The former Hollywood limo manufacturer aiming to star in the WEC
An Isotta Fraschini-branded Hypercar will race in the WEC next year. The ambition for this revival of a historic name is to be nothing less than a credible player, as evidenced by its respected network of technical partners
A new name will join the Hypercar grid in the World Endurance Championship next year, and you probably hadn’t even heard of it until quite recently. Unless, that is, you are a cinema aficionado.
There hasn’t been an Isotta Fraschini road car built since the early 1950s, but its luxury limousines were once commonplace in Hollywood, on screen and off. One featured in the 1950 classic Sunset Boulevard and they were also the transport of choice of the likes of silent movie star Rudolph Valentino in the 1920s.
The return of a marque whose racing heritage is buried in the mists of time – it won the Targa Florio in 1908 – with the new Tipo 6 LMH Competizione is a complicated one. But at its heart is a decision by a much more famous name in Italian motorsport. The catalyst for a car that has been testing since April and will be raced in the WEC in 2024 with the British Vector Sport team came from Ferrari.

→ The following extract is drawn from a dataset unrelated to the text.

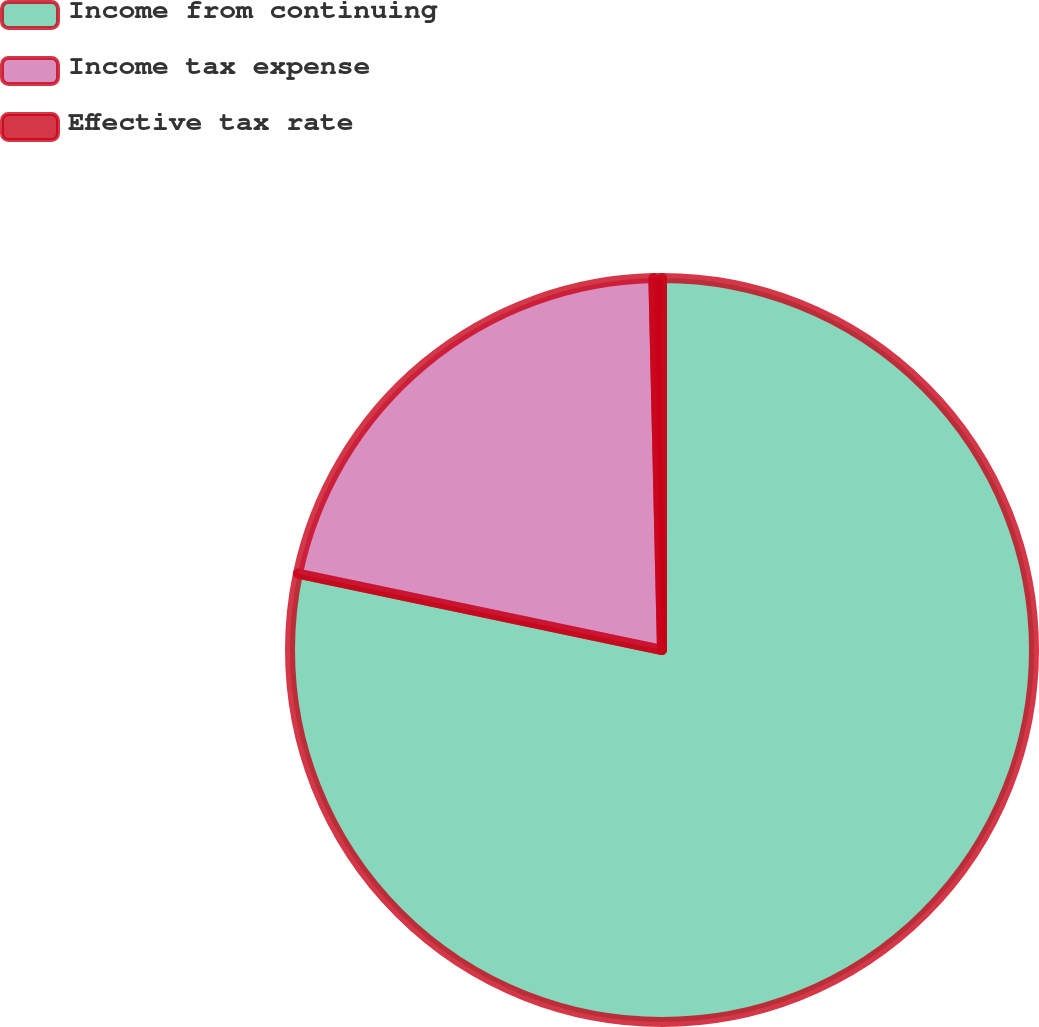Convert chart. <chart><loc_0><loc_0><loc_500><loc_500><pie_chart><fcel>Income from continuing<fcel>Income tax expense<fcel>Effective tax rate<nl><fcel>78.3%<fcel>21.34%<fcel>0.37%<nl></chart>

The Le Mans Hypercar project that has resulted in the Tipo 6 hybrid was initiated when the Italian marque opted not to continue its long-standing relationship with Michelotto Engineering in the design, development and build of the line of GT racers that stretches back to the 360 Modena GT2 car of 2000.
Ferrari took the design of this year’s 296 GT3 in-house at the new Attivita Sportive GT facility opened in early 2021, while the tender for the assembly for the cars was won by French constructor ORECA. That left Michelotto, which is headquartered in Padua near Venice, with a hole to fill. The LMH project was the result.

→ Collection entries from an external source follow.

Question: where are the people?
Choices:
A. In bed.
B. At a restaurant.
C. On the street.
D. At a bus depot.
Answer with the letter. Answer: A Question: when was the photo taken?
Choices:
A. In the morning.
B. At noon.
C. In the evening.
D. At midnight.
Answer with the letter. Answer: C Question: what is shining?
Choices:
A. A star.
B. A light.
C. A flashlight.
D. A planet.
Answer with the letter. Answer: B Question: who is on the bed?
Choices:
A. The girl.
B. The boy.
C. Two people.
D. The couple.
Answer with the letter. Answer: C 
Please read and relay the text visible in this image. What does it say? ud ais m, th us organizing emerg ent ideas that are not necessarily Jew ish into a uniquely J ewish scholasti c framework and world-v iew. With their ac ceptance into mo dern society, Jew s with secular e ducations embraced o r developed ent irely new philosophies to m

“We couldn’t just stop and lose our technical ability while we waited for the next project,” says company founder Giuliano Michelotto, who stresses that the relationship with Ferrari that stretches back 45 years isn’t over, just that it is more focused on road cars these days. “Endurance racing is the best form of racing, so the best way to show how good you are is to build an endurance racing car. Developing an LMH shows our abilities by working on the most complicated car possible.”
Michelotto, WAE and HWA are among the well-respected technical partners involved in the Isotta Fraschini Hypercar
Photo by: Isotta Fraschini
Luigi Dindo, who is heading up the LMH programme in his role as Michelotto technical director, describes it as “the company’s antennae” and a “project to keep our people together – the people are the most important part of any company”.

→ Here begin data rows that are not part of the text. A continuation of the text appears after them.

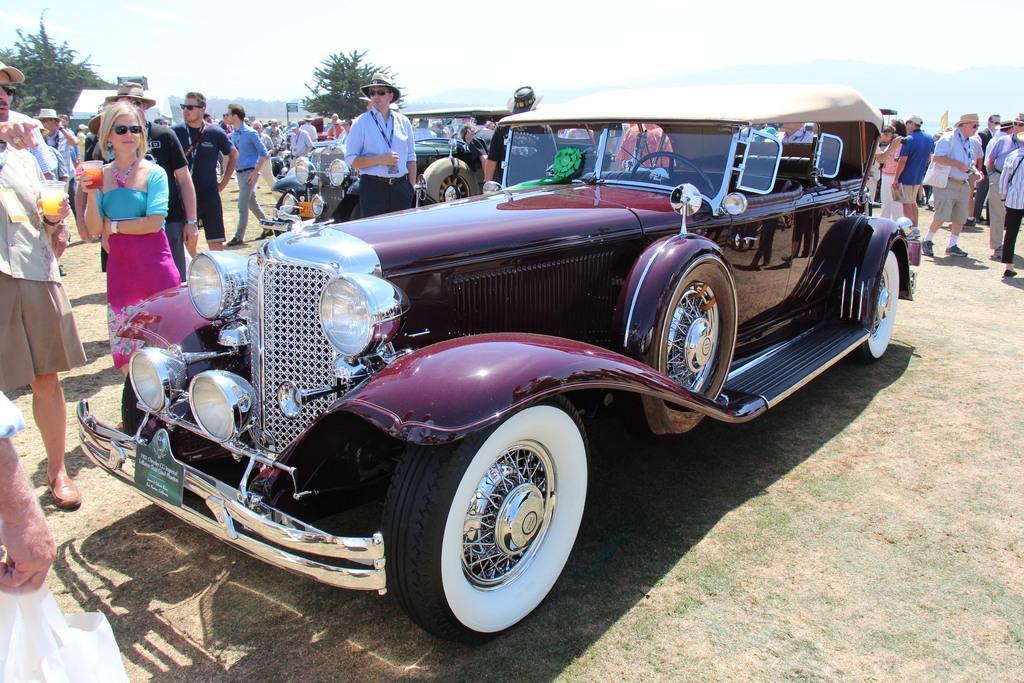Could you give a brief overview of what you see in this image? In this image there are a few people standing and walking by holding a glass of drink in their hands around two vintage cars parked, in the background of the image there are trees and mountains. 
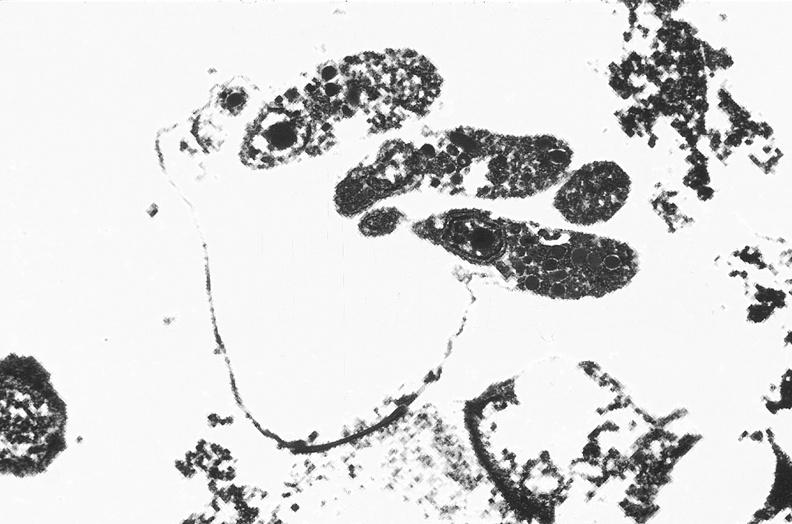does this image show colon, cryptosporidia?
Answer the question using a single word or phrase. Yes 
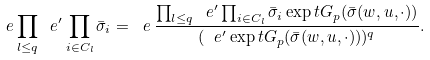<formula> <loc_0><loc_0><loc_500><loc_500>\ e \prod _ { l \leq q } \ e ^ { \prime } \prod _ { i \in C _ { l } } \bar { \sigma } _ { i } = \ e \, \frac { \prod _ { l \leq q } \ e ^ { \prime } \prod _ { i \in C _ { l } } \bar { \sigma } _ { i } \exp t G _ { p } ( \bar { \sigma } ( w , u , \cdot ) ) } { ( \ e ^ { \prime } \exp t G _ { p } ( \bar { \sigma } ( w , u , \cdot ) ) ) ^ { q } } .</formula> 
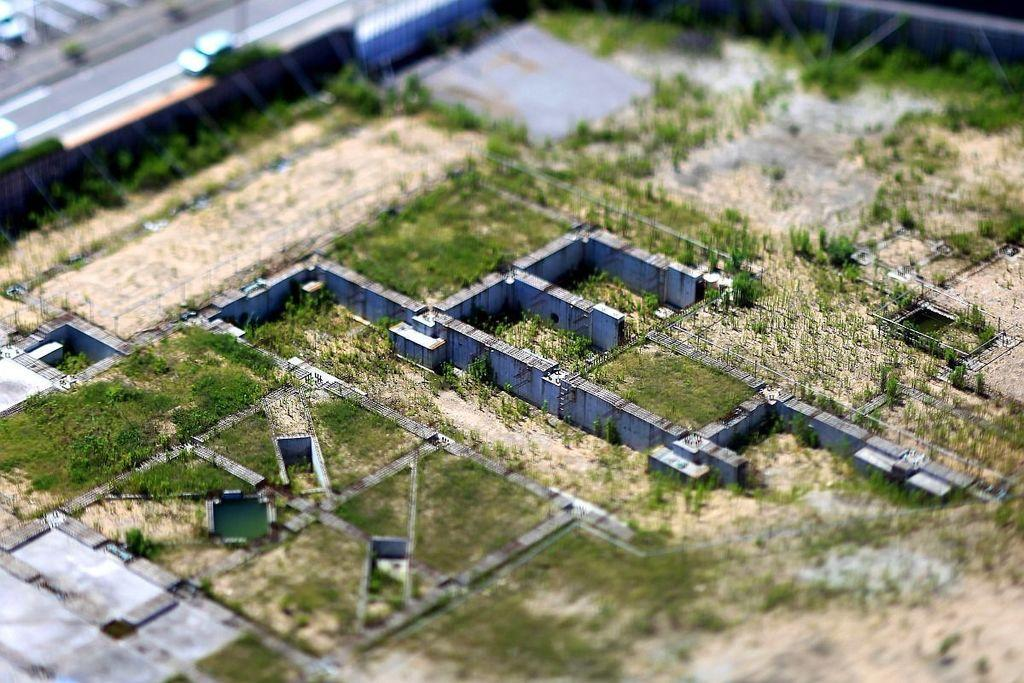What type of surface is visible in the image? There is ground visible in the image. What type of vegetation is present on the ground? There is grass on the ground. What type of structures are present on the ground? There are walls visible in the image. What type of pathway is visible in the image? There is a road visible in the image. What type of objects are present on the road? There are vehicles on the road. How many chairs are placed around the board in the image? There are no chairs or boards present in the image. Can you describe the behavior of the geese in the image? There are no geese present in the image.

The conception and initial design work of the LMH pre-dates the link-up with Isotta, explains Dindo. Michelotto got in touch with the owners of the brand, who were planning a relaunch, because it was one of the partners it needed: it is demanded of participants in Hypercar that they are either a manufacturer or have a firmly established link with one. Glickenhaus’s aspirations to become a fully fledged manufacturer are well known, while ByKolles-run Vanwall Racing has shown a road-going version of its LMH and can sell you an electric cross-over five-door hatchback known as the Vandervell S.
Dindo describes the link-up between a marque in the early throes of a relaunch and Michelotto as a “natural marriage”. The owners of the Isotta Fraschini Milano trademarks for road and race cars, which had been separated in the 1990s from the state-owned parent company that now builds (among other things) engines for ships, had plans for a luxury limousine in the spirit of its pre-war machinery, though fully electric.
New investors were assembled to work with Frank Kanayet, who became Isotta’s majority shareholder in the late 2010s. He was one of the first backers of both Croatian electric sportscar marque Rimac, now partnered with Bugatti within the Volkswagen group, and Formula E. A new holding company has been established, though the details and those involved remain secret for now.
"In the past we have always built cars based on production machinery. We needed experienced partners because we didn’t have time to lose" Luigi Dindo
The link-up with Isotta was formalised in late 2021, which allowed Michelotto to press on with the project. Aero development started in October of that year at Williams Advanced Engineering, one of a number of heavyweight technical partners assembled by Michelotto for the project. The offshoot of the Williams Formula 1 team also supplies the battery for the car’s front-axle hybrid system, while another British organisation, Hexis, produces the motor generator unit (MGU). The bespoke three-litre single-turbo V6 has been developed by HWA, formerly Mercedes’ partner in the DTM.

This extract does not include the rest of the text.